UNITED STATES
SECURITIES AND EXCHANGE COMMISSION
Washington, D.C. 20549
FORM 8-K
CURRENT REPORT
Pursuant to Section 13 or 15(d) of the Securities Exchange Act of 1934
Date of Report (Date of Earliest Event Reported): October 9, 2025
SWK HOLDINGS CORPORATION
(Exact Name of the Registrant as Specified in Its Charter)
Delaware
(State or Other Jurisdiction of Incorporation)
001-39184 | 77-0435679 |
(Commission File Number) | (IRS Employer Identification No.) |
5956 Sherry Lane, Suite 650, Dallas, TX | 75225 |
(Address of Principal Executive Offices) | (Zip Code) |
(972) 687-7250
(Registrant’s Telephone Number, Including Area Code)

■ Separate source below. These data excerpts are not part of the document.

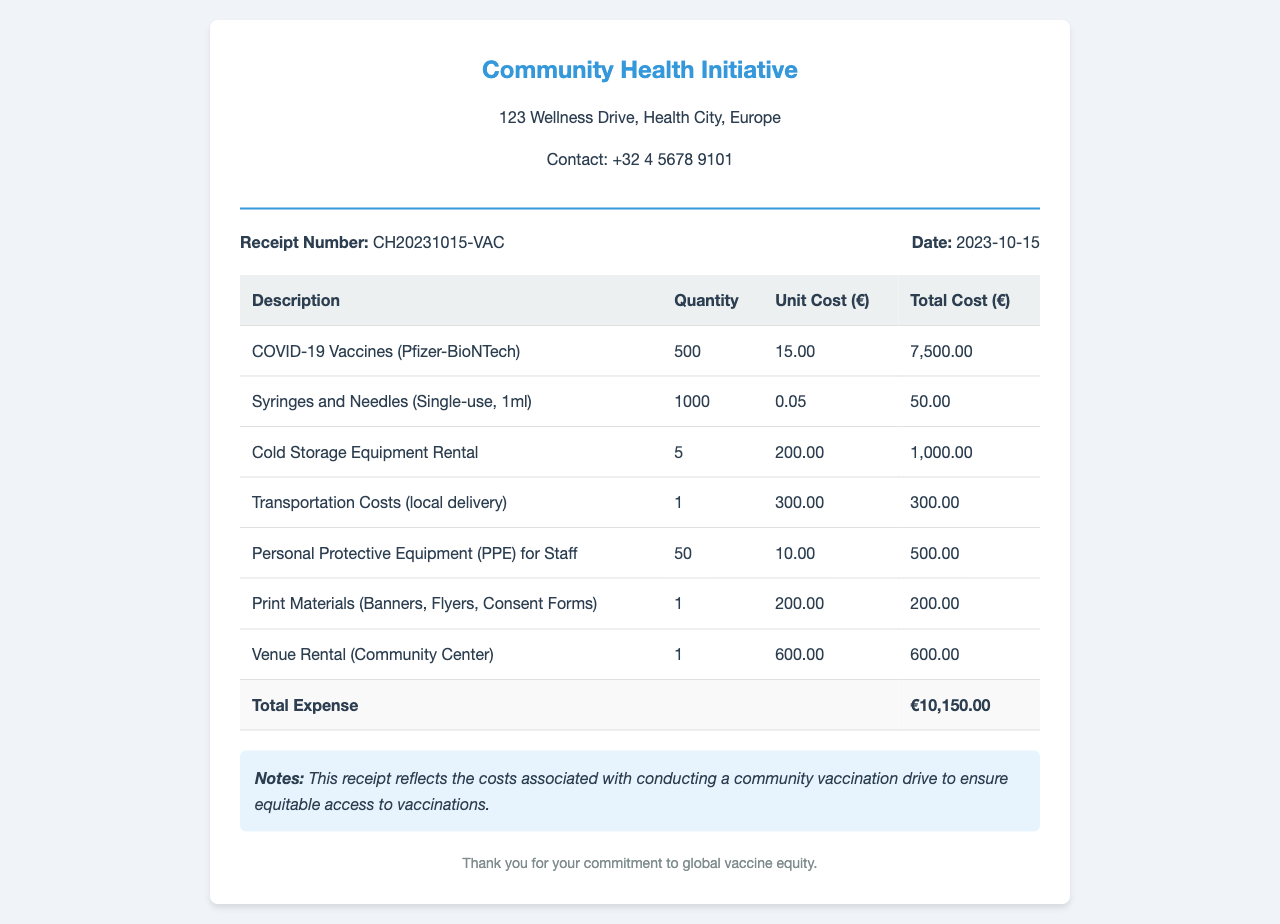What is the organization name? The organization name is shown at the top of the receipt.
Answer: Community Health Initiative What is the receipt number? The receipt number is located in the receipt details section.
Answer: CH20231015-VAC What is the date of the receipt? The date is also part of the receipt details.
Answer: 2023-10-15 How many COVID-19 vaccines were purchased? The number of vaccines is specified in the table of contents.
Answer: 500 What is the unit cost of syringes and needles? The unit cost for syringes and needles can be found in the corresponding table row.
Answer: 0.05 What is the total expense for the vaccination drive? The total expense is calculated and displayed in the summary row at the bottom of the table.
Answer: €10,150.00 How much did the cold storage equipment rental cost? The cost is provided in the itemized expenses in the table.
Answer: 1,000.00 What notes accompany the receipt? The notes section provides additional context regarding the receipt’s purpose.
Answer: This receipt reflects the costs associated with conducting a community vaccination drive to ensure equitable access to vaccinations How many personal protective equipment units were purchased? The quantity for PPE is specified in the relevant table row.
Answer: 50 What is the venue rented for the vaccination campaign? The venue name is noted in the expenses table.
Answer: Community Center 
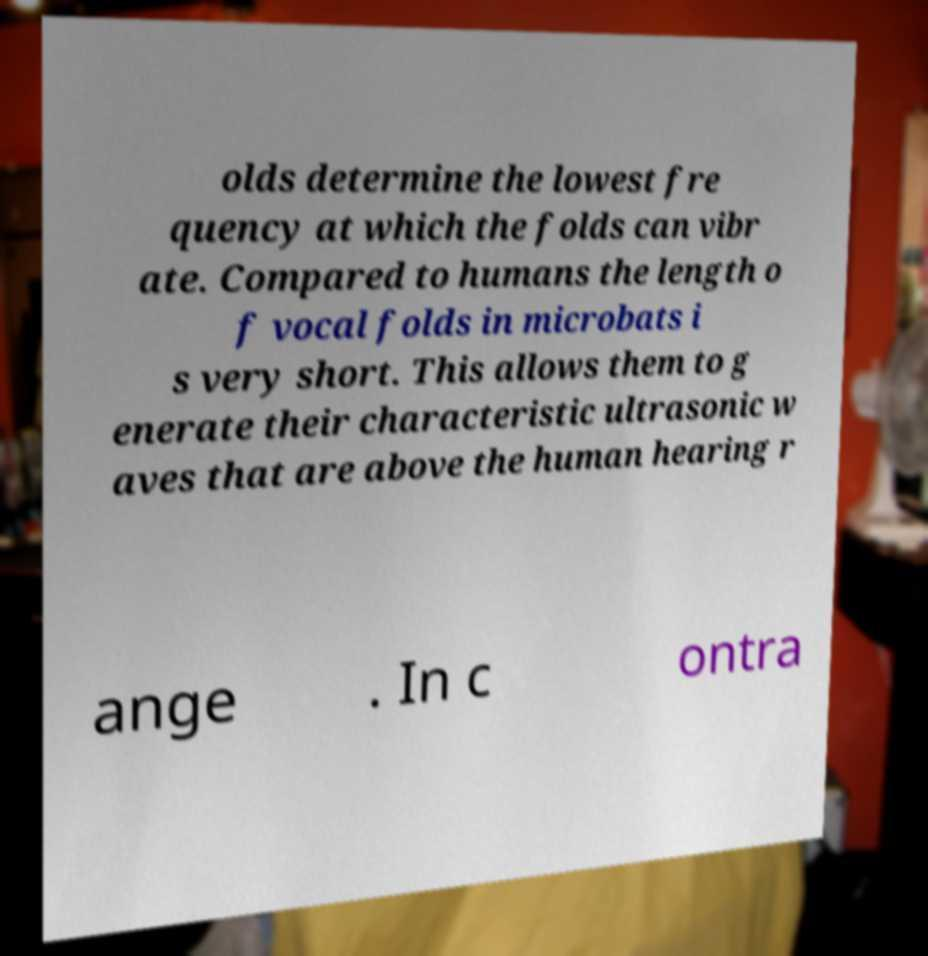What messages or text are displayed in this image? I need them in a readable, typed format. olds determine the lowest fre quency at which the folds can vibr ate. Compared to humans the length o f vocal folds in microbats i s very short. This allows them to g enerate their characteristic ultrasonic w aves that are above the human hearing r ange . In c ontra 
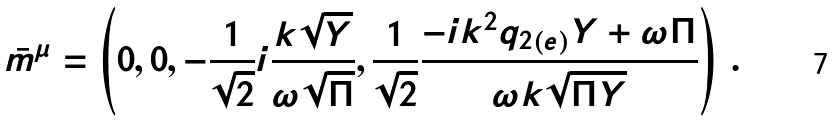Convert formula to latex. <formula><loc_0><loc_0><loc_500><loc_500>\bar { m } ^ { \mu } = \left ( 0 , 0 , - \frac { 1 } { \sqrt { 2 } } i \frac { k \sqrt { Y } } { \omega \sqrt { \Pi } } , \frac { 1 } { \sqrt { 2 } } \frac { - i k ^ { 2 } q _ { 2 ( e ) } Y + \omega \Pi } { \omega k \sqrt { \Pi Y } } \right ) \, .</formula> 
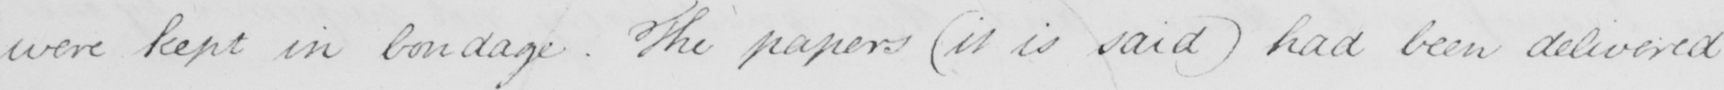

Check the appropriate box below if the Form 8-K filing is intended to simultaneously satisfy the filing obligation of the registrant under any of the following provisions:
☒ | Written communications pursuant to Rule 425 under the Securities Act (17 CFR 230.425) |
☐ | Soliciting material pursuant to Rule 14a-12 under the Exchange Act (17 CFR 240.14a-12) |
☐ | Pre-commencement communications pursuant to Rule 14d-2(b) under the Exchange Act (17 CFR 240.14d-2(b)) |
☐ | Pre-commencement communications pursuant to Rule 13e-4(c) under the Exchange Act (17 CFR 240.13e-4(c)) |
Securities registered pursuant to Section 12(b) of the Act:
Title of each class |
Trading Symbol(s) |
Name of each exchange on which registered |
Common Stock, par value $0.001 per share |
SWKH | The Nasdaq Stock Market LLC |
9.00% Senior Notes due 2027 | SWKHL | The Nasdaq Stock Market LLC |
Indicate by check mark whether the registrant is an emerging growth company as defined in Rule 405 of the Securities Act of 1933 (§230.405 of this chapter) or Rule 12b-2 of the Securities Exchange Act of 1934 (§240.12b-2 of this chapter). Emerging growth company ☐
If an emerging growth company, indicate by check mark if the registrant has elected not to use the extended transition period for complying with any new or revised financial accounting standards provided pursuant to Section 13(a) of the Exchange Act. ☐
Item 8.01 | Other Events. |
On October 9, 2025, SWK Holdings Corporation, a Delaware corporation (the “Company”) and Runway Growth Finance Corp., a Maryland corporation (“Parent”) issued a joint press release announcing the entry into a definitive merger agreement under which (i) RWAY Portfolio Corp., a Delaware corporation and an indirect wholly-owned subsidiary of Parent (“Acquisition Sub”) will merge with and into the Company, with the Company continuing as the surviving company and as a wholly-owned subsidiary of RWAY Portfolio Holding Corp., a Delaware corporation and an indirect wholly-owned subsidiary of Parent (“Intermediary Sub”), or, in the alternative, the Company will merge with and into Acquisition Sub, with Acquisition Sub continuing as the surviving company and as a wholly-owned subsidiary of Intermediary Sub (in either case, the “First Merger”), (ii) immediately after the effectiveness of the First Merger, the Company or Acquisition Sub, as applicable, will merge with and into Intermediary Sub, with Intermediary Sub continuing as the surviving company and as a wholly-owned subsidiary of Parent (the “Second Merger”), and (iii) immediately after the effectiveness of the Second Merger, Intermediary Sub will merge with and into Parent, with Parent continuing as the surviving corporation. A copy of the joint press release is furnished as Exhibit 99.1 to this report and is incorporated herein by reference.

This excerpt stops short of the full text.